DR. WAKSMAN: Well, I don’t want to go too much into that. There was a lot of data that was presented in the ACC meeting; again, overall the study did not meet the endpoint. So the bottom line, you can call it the neutral study, which is a nice way to say it. But then there were all kinds of analysis that were done. For example, if you extract arthrectomy patients, there were more done in the Impella versus the balloon pump, and there were more rotoblaters used in the Impella versus the balloon pump. The groups were very unmatched; they were not matched groups.

Then if you go and do all those analyses, you may find some areas that you can tease a P value, but I don’t think that this has any scientific value, and people should be very careful. We’re not playing now with numbers or with statistics, this is about patient care. You’re doing a study — the study, I think, has some flaws in the design to begin with — and we actually pointed that out when we were asked to participate in the study. But if the study did not meet the endpoint, then I think all those subanalyses, subgroups, you extract from here, you add to there, and you get a P value, that means nothing. So we have to be careful when we interpret this, other than as a neutral study that you basically cannot adopt any of the … it did not meet the hypothesis, that’s the bottom line.

DR. KERN: So maybe you can tell us, then, what’s our current role for these two support devices in your practice in interventional cardiology?

DR. WAKSMAN: I think that, in the past we used to have more support with assist devices or supportive hemodynamic devices. Angioplasty became simpler. The stents are more deliverable, it’s very quick, we don’t have to go with 10 minutes’ balloon inflation to support the vessel. So I think the number of patients that actually need it has been dropped. The other thing is, we had pretty good experience with balloon pump. As long as we place it ahead of time. So, what we published in another paper: If you do it intentionally, if you suspect you have a patient with high risk, and you put a balloon pump, you’re going to go very well with the balloon pump, and it will work for you.
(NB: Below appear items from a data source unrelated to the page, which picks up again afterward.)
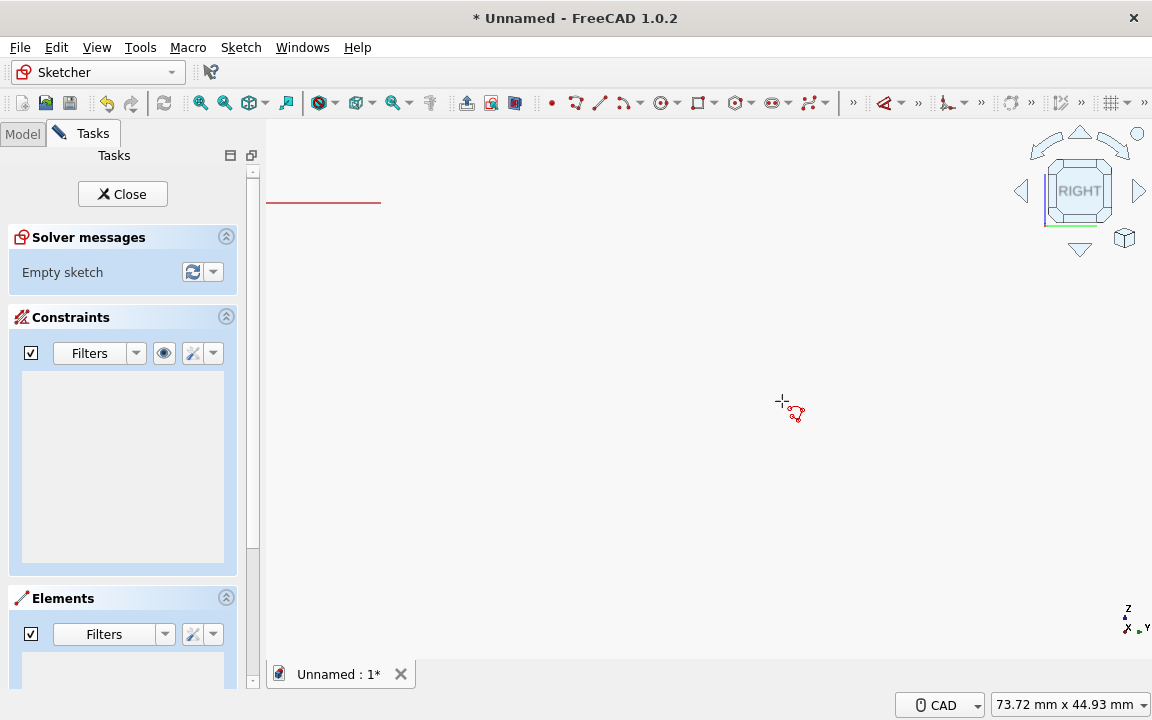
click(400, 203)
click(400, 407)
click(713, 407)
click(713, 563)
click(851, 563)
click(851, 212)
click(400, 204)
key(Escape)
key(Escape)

Therefore, we feel that while the Impella has maybe as good results as the balloon pump, when you compare and contrast the ease of use, the cost associated with it, there is no justification to switch strategy from the intraortic balloon pump to Impella, as long as you don’t have a study that supports superior results with Impella. That study has not been shown, I suspect there will never be another study like that. There is no labeling from the FDA, the devices are approved based on 510(k).

So the bottom line is that we, as a strategy, are using the balloon pump for high-risk PCI if we feel there is a need for support.
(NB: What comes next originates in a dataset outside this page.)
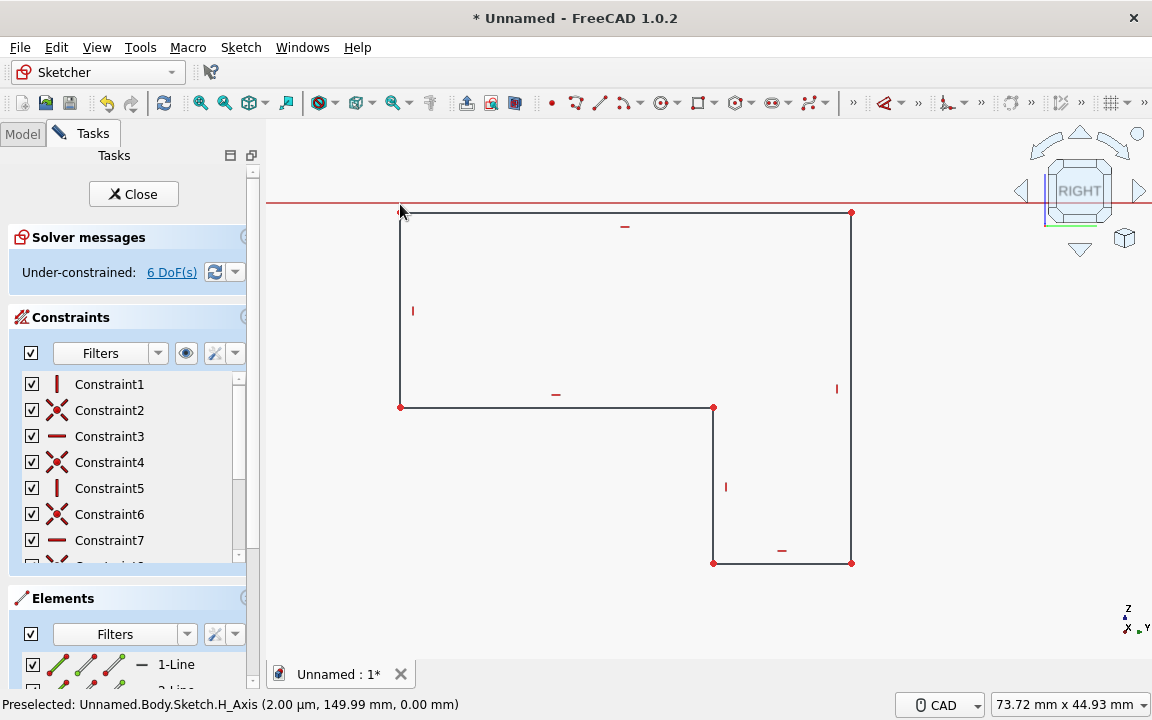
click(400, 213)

DR. KERN: I know you do use Impella on occasion. Where do you find that of most use?

DR. WAKSMAN: I think patients with cardiogenic shock, the use maybe, again, has to be proven clinically, but we feel, for some of the patients with cardiogenic shock, the balloon pump is not sufficient for them. We actually, in this meeting, we presented an interesting abstract, actually yesterday, that actually compared the balloon pump, the Impella, the Tandem Heart, the ECMO device and the mini-LVAD. These are small groups of patients, the groups are not matched. But it turns out that neither the balloon pump or the Impella are doing a lot of differences in terms of the patient with cardiogenic shock. The big difference is — including the Tandem Heart — the big difference is when you use ECMO or mini-LVAD. So you have to be very aggressive with those patients to see a big difference. But if you asked our practice right now, we use the Impella primarily for those patients with cardiogenic shock, and we try to do it earlier rather than later, because later down the game, it’s sometimes too late no matter what you use.

DR. KERN: Well, those are great insights for us on this. And I think the PROTECT II trial was of interest and I think you’ve really addressed the issues that readers are going to have to face when they look at this data. So I want to say thank you and best of luck.